* _GIVEN RECORDS_
---

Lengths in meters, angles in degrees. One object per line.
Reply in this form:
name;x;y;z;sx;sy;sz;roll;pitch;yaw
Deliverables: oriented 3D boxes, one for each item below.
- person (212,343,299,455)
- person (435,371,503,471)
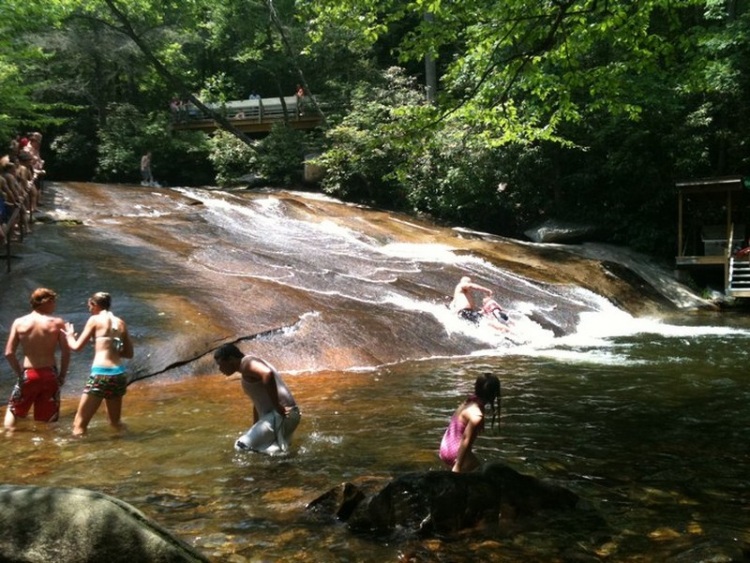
person;-1.473;1.479;8.849;0.956;1.447;0.355;0;14;-1
person;1.098;1.661;8.023;0.670;1.243;0.626;1;13;7
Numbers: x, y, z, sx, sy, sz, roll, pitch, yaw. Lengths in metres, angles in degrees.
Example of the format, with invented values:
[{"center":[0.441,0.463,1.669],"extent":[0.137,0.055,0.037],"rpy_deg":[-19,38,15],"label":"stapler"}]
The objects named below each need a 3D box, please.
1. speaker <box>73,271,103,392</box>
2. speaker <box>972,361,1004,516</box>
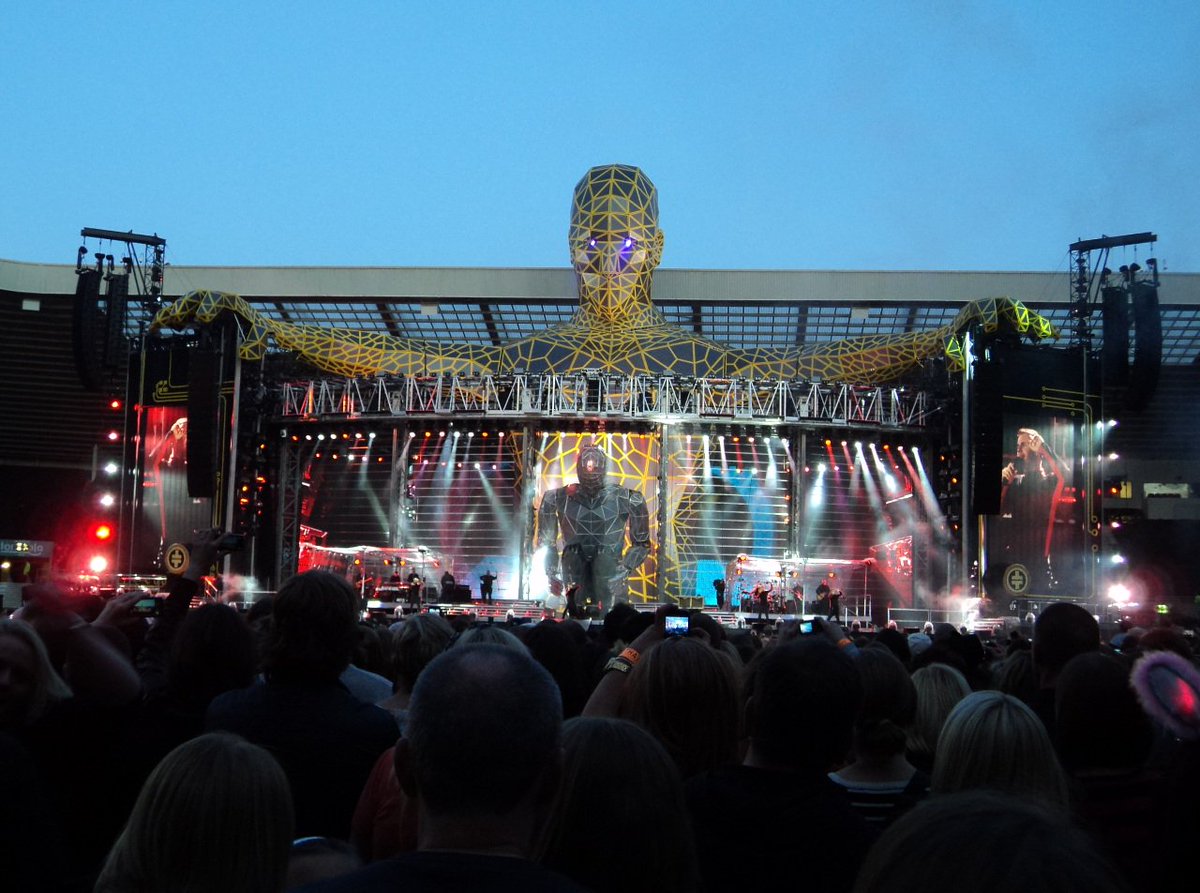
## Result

---

* _TASK BRIEF_
Sift the data above for lines with "below", then copy each one.

* _RESPONSE TO THIS EXERCISE_
Deliverables: oriented 3D boxes, one for each item below.
The objects named below each need a 3D box, please.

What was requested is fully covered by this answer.